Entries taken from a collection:
┌──
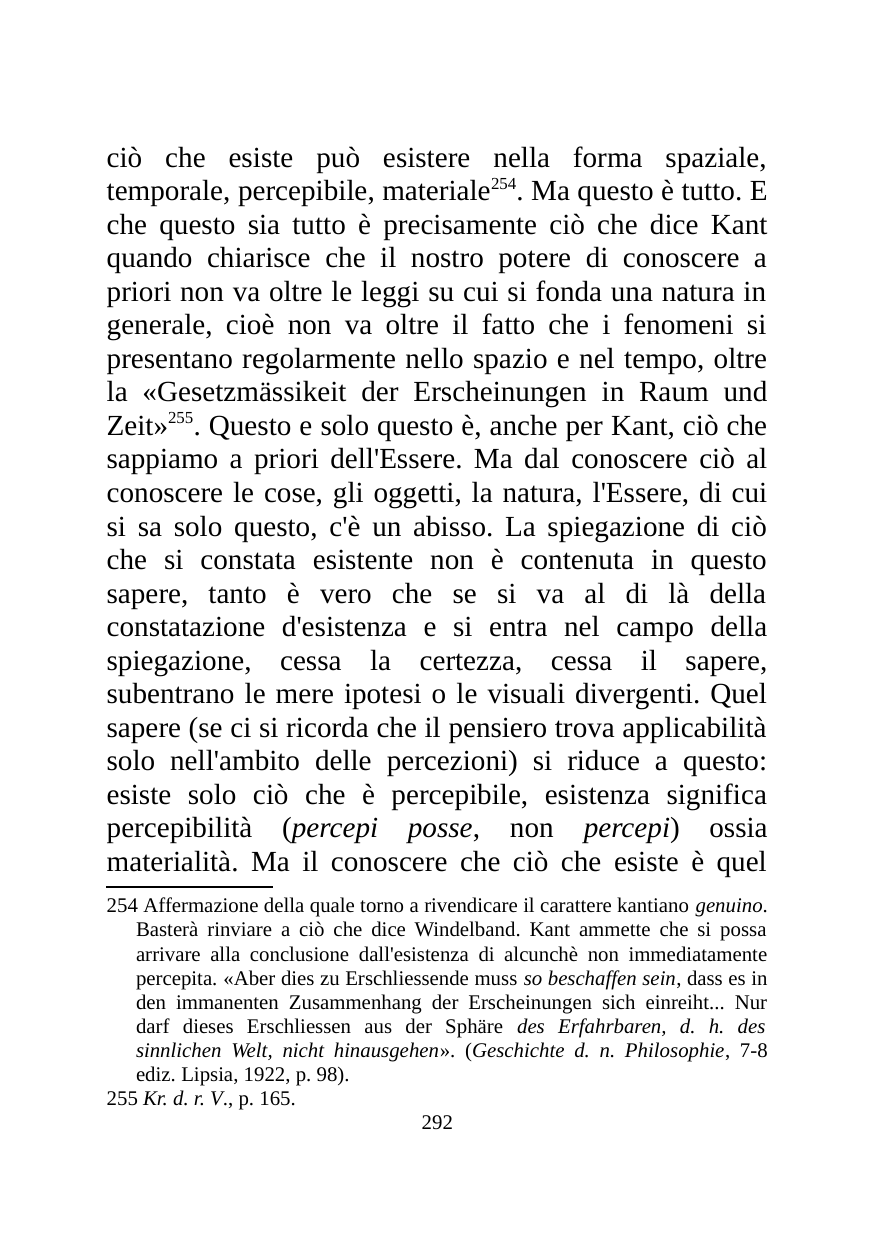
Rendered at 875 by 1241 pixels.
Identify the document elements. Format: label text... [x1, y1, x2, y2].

text Kr. d. r. V., p. 165. [106, 1086, 768, 1110]
text ciò che esiste può esistere nella forma spaziale, temporale, percepibile, materiale. Ma questo è tutto. E che questo sia tutto è precisamente ciò che dice Kant quando chiarisce che il nostro potere di conoscere a priori non va oltre le leggi su cui si fonda una natura in generale, cioè non va oltre il fatto che i fenomeni si presentano regolarmente nello spazio e nel tempo, oltre la «Gesetzmässikeit der Erscheinungen in Raum und Zeit». Questo e solo questo è, anche per Kant, ciò che sappiamo a priori dell'Essere. Ma dal conoscere ciò al conoscere le cose, gli oggetti, la natura, l'Essere, di cui si sa solo questo, c'è un abisso. La spiegazione di ciò che si constata esistente non è contenuta in questo sapere, tanto è vero che se si va al di là della constatazione d'esistenza e si entra nel campo della spiegazione, cessa la certezza, cessa il sapere, subentrano le mere ipotesi o le visuali divergenti. Quel sapere (se ci si ricorda che il pensiero trova applicabilità solo nell'ambito delle percezioni) si riduce a questo: esiste solo ciò che è percepibile, esistenza significa percepibilità (percepi posse, non percepi) ossia materialità. Ma il conoscere che ciò che esiste è quel [106, 140, 768, 878]
text Affermazione della quale torno a rivendicare il carattere kantiano genuino. Basterà rinviare a ciò che dice Windelband. Kant ammette che si possa arrivare alla conclusione dall'esistenza di alcunchè non immediatamente percepita. «Aber dies zu Erschliessende muss so beschaffen sein, dass es in den immanenten Zusammenhang der Erscheinungen sich einreiht... Nur darf dieses Erschliessen aus der Sphäre des Erfahrbaren, d. h. des sinnlichen Welt, nicht hinausgehen». (Geschichte d. n. Philosophie, 7-8 ediz. Lipsia, 1922, p. 98). [106, 893, 768, 1086]
└──
### [Aim of the exercise]
Keep every word of the data as it is when you write it out, but drop the pictures.

### [Task answer]
Rendered at 875 by 1241 pixels.
Identify the document elements. Format: label text... [x1, y1, x2, y2].

text Kr. d. r. V., p. 165. [106, 1086, 768, 1110]
text ciò che esiste può esistere nella forma spaziale, temporale, percepibile, materiale. Ma questo è tutto. E che questo sia tutto è precisamente ciò che dice Kant quando chiarisce che il nostro potere di conoscere a priori non va oltre le leggi su cui si fonda una natura in generale, cioè non va oltre il fatto che i fenomeni si presentano regolarmente nello spazio e nel tempo, oltre la «Gesetzmässikeit der Erscheinungen in Raum und Zeit». Questo e solo questo è, anche per Kant, ciò che sappiamo a priori dell'Essere. Ma dal conoscere ciò al conoscere le cose, gli oggetti, la natura, l'Essere, di cui si sa solo questo, c'è un abisso. La spiegazione di ciò che si constata esistente non è contenuta in questo sapere, tanto è vero che se si va al di là della constatazione d'esistenza e si entra nel campo della spiegazione, cessa la certezza, cessa il sapere, subentrano le mere ipotesi o le visuali divergenti. Quel sapere (se ci si ricorda che il pensiero trova applicabilità solo nell'ambito delle percezioni) si riduce a questo: esiste solo ciò che è percepibile, esistenza significa percepibilità (percepi posse, non percepi) ossia materialità. Ma il conoscere che ciò che esiste è quel [106, 140, 768, 878]
text Affermazione della quale torno a rivendicare il carattere kantiano genuino. Basterà rinviare a ciò che dice Windelband. Kant ammette che si possa arrivare alla conclusione dall'esistenza di alcunchè non immediatamente percepita. «Aber dies zu Erschliessende muss so beschaffen sein, dass es in den immanenten Zusammenhang der Erscheinungen sich einreiht... Nur darf dieses Erschliessen aus der Sphäre des Erfahrbaren, d. h. des sinnlichen Welt, nicht hinausgehen». (Geschichte d. n. Philosophie, 7-8 ediz. Lipsia, 1922, p. 98). [106, 893, 768, 1086]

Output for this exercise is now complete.